Tabellen ID: Individual Identifier for each data row
Year, Month, Day, Date: The sampling day
Net, latitude, longitude: Location
capture-event: p = planned and scheduled capture event, ap = outside of the regular schedule
Success: Whether or not a bird was captured during the capture event
Recapture: Whether or not the bird was a first- or a recapture
Ring_ID: Ring number of the bird which serves as individual identifier
Species_lat, Species_engl: Latin and English species names
sex: The sex of the bird, either morphologically determined or genetically (P2/P8 Primers)
age: age of the bird: dj = hatched this year, ndj = not hatched this year, vj = hatched in the previous year, nvj = older than hatched in the previous year
ad_juv: ad = adult bird (ndj, vj, nvj), juv = juvenile bird (dj)
brood_patch = Whether or not the bird had a brood patch for incubating eggs
family = avian family that the bird belongs to
brutzeit = breeding season, indicates whether or not the capture date was within the breeding season of the bird species
brutgeschlecht = breeding sex, indicating which sex or sexes are incubating the eggs in the species, 1 = only females, 2= males and females
pot_brut = whether or not the bird was potentially breeding based on the species, sex, age, and date
migration = if and how the bird species migrates: SV (not migrating), ZV (migrating), TZ (partially migrating or short distance migrating)
Ticks = whether or not the bird was infested by ticks
wing_mm = wing length in mm
P8_mm = Length of the third outermost primary (P8) in mm
weight_g = weight in g
fat = fat score of the bird (0-8)
muscle = muscle score of the bird (0-3)
KI50_Er = Erythrocyte counts (Automatically obtained via deep learning; Vogelbacher et al. 2024)
KI50_H = Heterophil counts (Automatically obtained via deep learning; Vogelbacher et al. 2024)
KI50_L = Lymphocyte counts (Automatically obtained via deep learning; Vogelbacher et al. 2024)
KI50_E = Eosinophil counts (Automatically obtained via deep learning; Vogelbacher et al. 2024)
KI50_B = Basophil counts (not reliable) (Automatically obtained via deep learning; Vogelbacher et al. 2024)
KI50_M = Monocyte counts (not reliable) (Automatically obtained via deep learning; Vogelbacher et al. 2024)
KI50_P = Bloodparasite counts (not reliable) (Automatically obtained via deep learning; Vogelbacher et al. 2024)
infected = whether or not the bird was infected by blood parasites (Haemosporida)
category = Which blood parasites were found in this bird (genera)
Vogelbacher M, Strehmann F, Bellafkir H, Mühling M, Korfhage N, Schneider D, Rösner S, Schabo DG, Farwig N, Freisleben B. Identifying and Counting Avian Blood Cells in Whole Slide Images via Deep Learning.
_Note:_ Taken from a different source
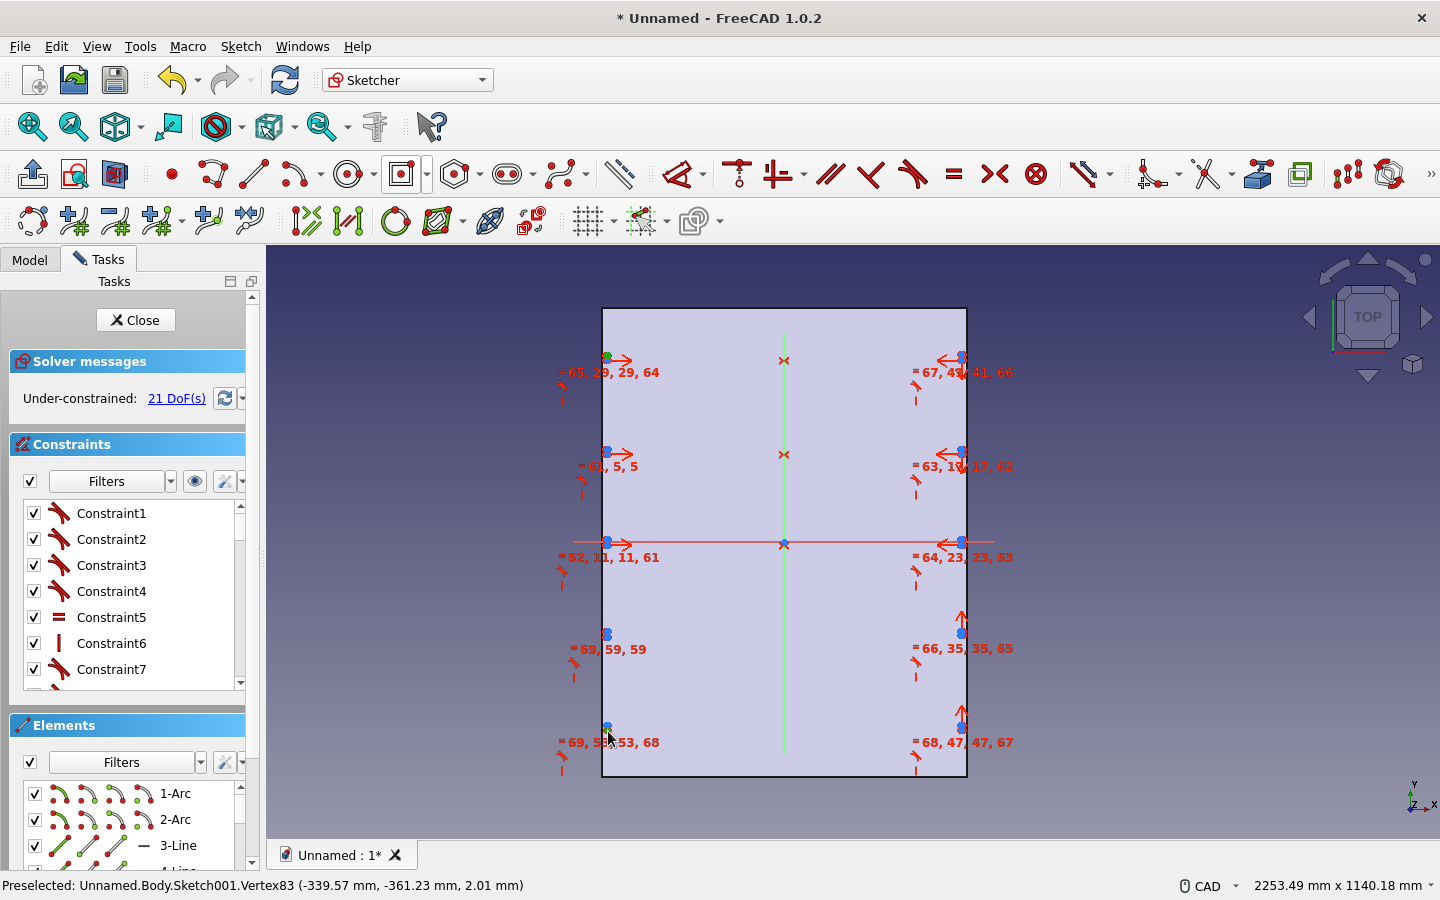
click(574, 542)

Birds. 2024; 5(1):48-66. https://doi.org/10.3390/birds5010004
Birds were captured during the breeding seasons between mid-March and August at ten sites in the forest interior. No lures were used to attract the birds to the nets to avoid artificially influencing their natural movement or stress levels. The mist nets were checked every 15 to 20 minutes. Upon capture, each bird was marked with a ring for future identification (e.g., re-captures), with the necessary permissions obtained from the Heligoland Bird Observatory (Institute of Avian Research "Vogelwarte Helgoland" (IAR), Germany). We measured morphological characteristics of each bird and assessed sex, age, and breeding status. Further, a blood sample was taken for identifying the sex if morphological identification was not possible, and a blood smear for leukocyte counts was taken. The blood smears were fixed in methanol and treated with Giemsa stain. To determine the H/L ratio, we digitized the blood smears by scanning them with a Leica Aperio AT2 Scanner and a 40X microscope objective lens and applied a novel Convolutional Neural Network for determining and counting the cells.